2. How are the Israelites supposed to treat escaped slaves (23:16–17)? According to Rashi, this law refers to an Israelite slave owned by a Gentile or a slave outside of Israel who escapes to Israel. How does the treatment of slaves affect us today? 3. What is the purpose of the Sabbath (5:14–15)? Who are the most important participants? Why? How is the Sabbath an economic problem? 4. Who participates in worship (12:12, 18)? Who participates in feasts (16:11–14)? How can we give the poor and underprivileged cause to celebrate? What would happen if we only provided for them to celebrate? 5. What is done with the tithe every third year (14:29)? Why? What about the regular tithe(26:11–13)? These two tithes are taken together as the “second tithe,” which is distinguished from that paid to the Levites (Sifre Deut 109.3). The third-year tithe can be paid to a family member only if it is over and above a subsistence allotment given from other resources (Kiddushin 32a). How does the tithe discussed here relate to our giving and tithing? How do the poor factor into it? 6. Will there always be poor in the land or not (15:4, 11)? Why should one loan to a poor brother rather than give outright (15:7–8)? How does 15:9–10 clarify the nature of the loan? Doing the will of God determines the presence or absence of the poor (Sifre Deut 114.1). Loaning rather than giving protects the recipient’s dignity (Deut 116.4). The command is to meet needs, not make rich, but it can still involve larger items like horses and slaves (Sifre Deut 116.5). Punishment is quicker if he cries out but still comes otherwise (Sifre Deut 117.4). How does a person’s relationship to us (member of the same church, fellow believer, family member, etc.) affect charity? 7. How should one treat a slave who has completed his period of service (15:12–15)? Why? In what sense has a slave given double service (15:18)? According to Rashi, this passage refers to a thief sentenced to slavery (cf. Lev 25:39). Give according to your prosperity, not particularly according to whether this slave has resulted in prosperity for you (Sifre Deut 119.3).

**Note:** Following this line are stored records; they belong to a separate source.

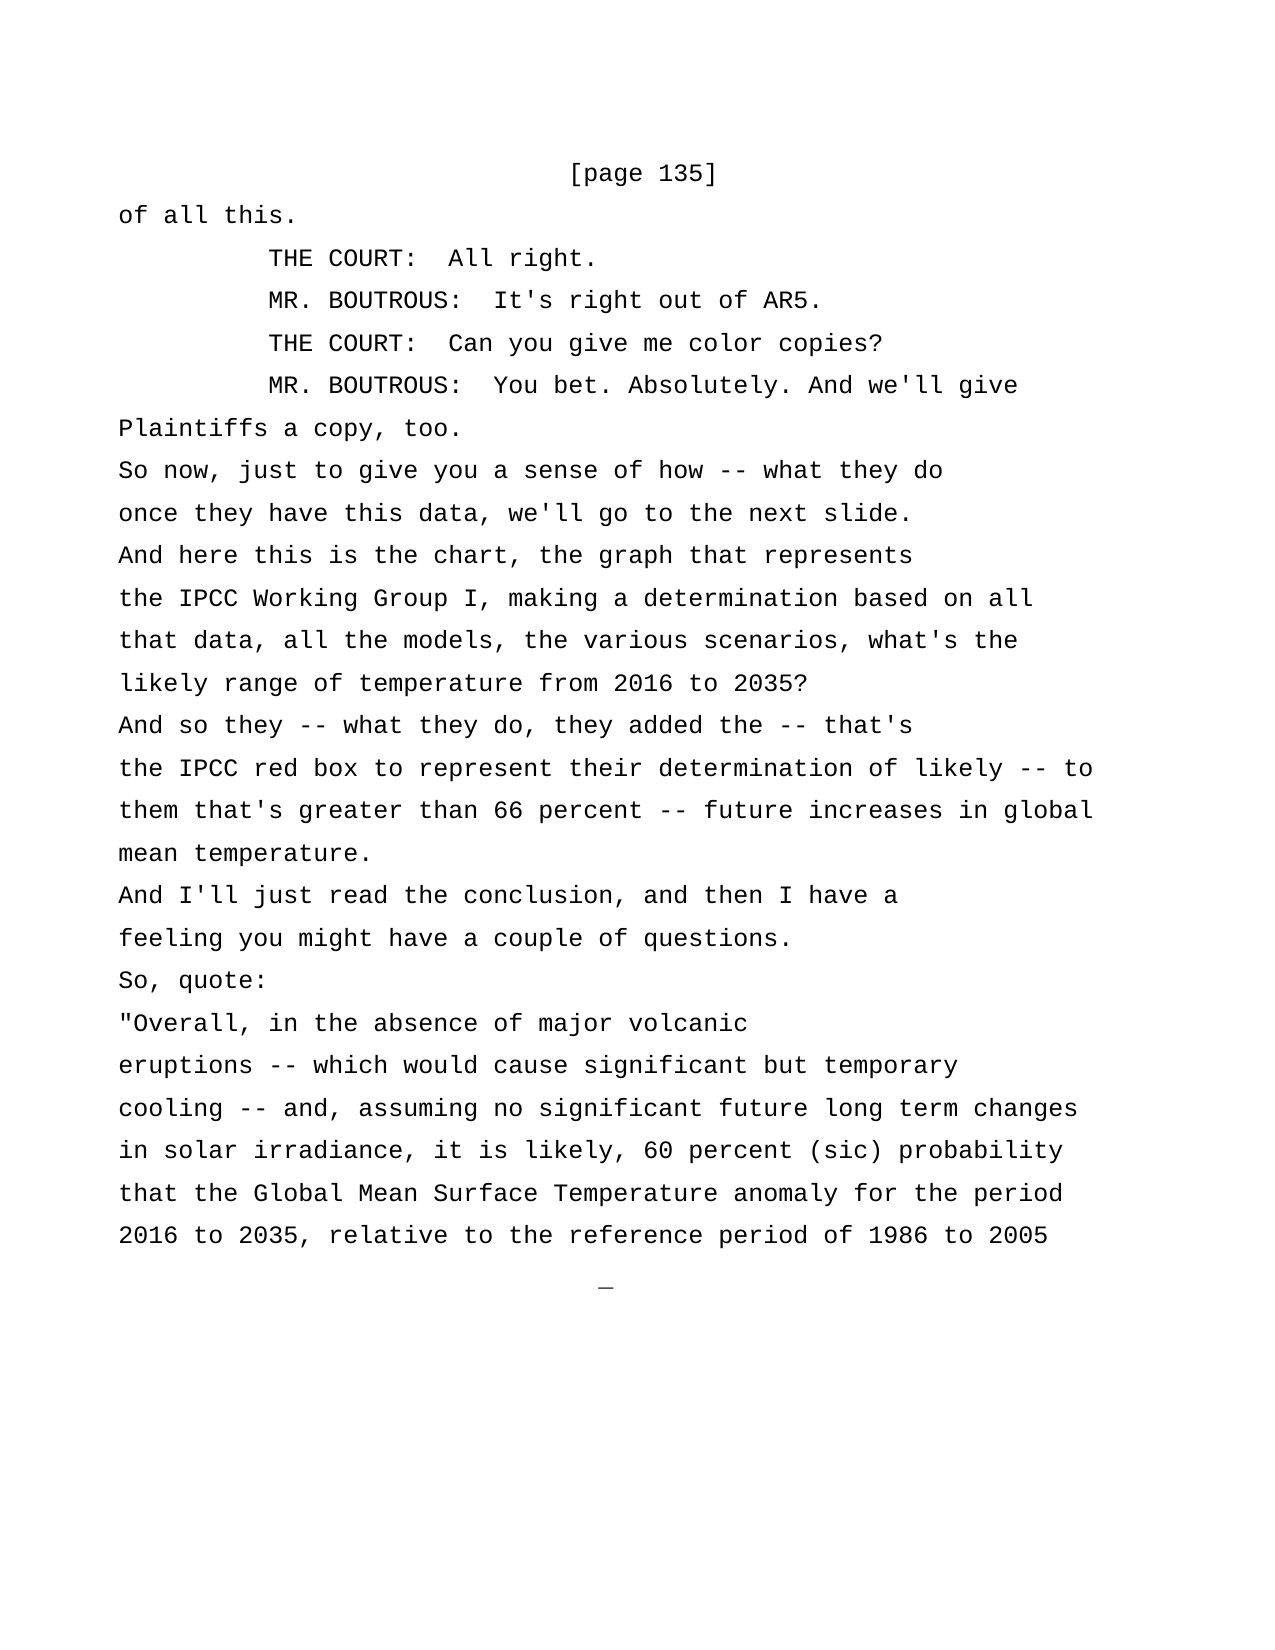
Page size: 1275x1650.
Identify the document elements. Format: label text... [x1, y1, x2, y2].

text [page 135] [118, 161, 1157, 189]
text Plaintiffs a copy, too. [118, 416, 1157, 444]
text the IPCC Working Group I, making a determination based on all [118, 586, 1157, 614]
text them that's greater than 66 percent -- future increases in global [118, 798, 1157, 826]
text likely range of temperature from 2016 to 2035? [118, 671, 1157, 699]
text mean temperature. [118, 841, 1157, 869]
text eruptions -- which would cause significant but temporary [118, 1053, 1157, 1081]
text And so they -- what they do, they added the -- that's [118, 713, 1157, 741]
text feeling you might have a couple of questions. [118, 926, 1157, 954]
text that the Global Mean Surface Temperature anomaly for the period [118, 1181, 1157, 1209]
text So now, just to give you a sense of how -- what they do [118, 458, 1157, 486]
text that data, all the models, the various scenarios, what's the [118, 628, 1157, 656]
text THE COURT: Can you give me color copies? [118, 331, 1157, 359]
text the IPCC red box to represent their determination of likely -- to [118, 756, 1157, 784]
text And I'll just read the conclusion, and then I have a [118, 883, 1157, 911]
text So, quote: [118, 968, 1157, 996]
text once they have this data, we'll go to the next slide. [118, 501, 1157, 529]
text _ [118, 1266, 1157, 1294]
text 2016 to 2035, relative to the reference period of 1986 to 2005 [118, 1223, 1157, 1251]
text of all this. [118, 203, 1157, 231]
text "Overall, in the absence of major volcanic [118, 1011, 1157, 1039]
text THE COURT: All right. [118, 246, 1157, 274]
text MR. BOUTROUS: You bet. Absolutely. And we'll give [118, 373, 1157, 401]
text cooling -- and, assuming no significant future long term changes [118, 1096, 1157, 1124]
text MR. BOUTROUS: It's right out of AR5. [118, 288, 1157, 316]
text And here this is the chart, the graph that represents [118, 543, 1157, 571]
text in solar irradiance, it is likely, 60 percent (sic) probability [118, 1138, 1157, 1166]

Furnish liberally because of the liberal 5

furnishing at the Exodus (Sifre Deut 120.1). A hired man works only by day, but a slave both day and night (Sifre Deut 123.1). According to Rashi, this is because his children belong to the owner (cf. Exod 21:4). How do we view people in a lower economic class? What about those who are in prison? How do we treat them when their situation improves? What can we learn from the law regarding a slave who finishes his term of service? 8. Why is a poor debtor singled out for special consideration (24:10–13)? How is a widow special (24:17–18)? Punishment is quicker if he is poor but still comes otherwise (Sifre Deut 277.1). Not necessarily sleeping in the pledge but sleeping with it in one’s possession (Sifre Deut 277.2). Return the pledge by day if used by day, by night if used by night (Sifre Deut 277.3). How do we balance compassion with business? 9. How should a poor employee be treated (24:14–15)? cf. Deut 16:19; more guilt is incurred when status is compounded (Sifre Deut 281.1). 10. How can agricultural practice help the poor (24:19–22)? Only one or two sheaves count as forgotten (Sifre Deut 283.1). A sheaf in an obvious place is not forgotten (Sifre Deut 283.4). There is no limit to the corner of a field (Chagigah 7a; cf. Lev 19:9). If unintentional charity (forgetting) gains merit, intentional gains much more (Sifre Deut 283.7). How do the agricultural practices in the Torah compare with today’s economic systems and relief programs? How can we practice this kind of generosity in our own lives?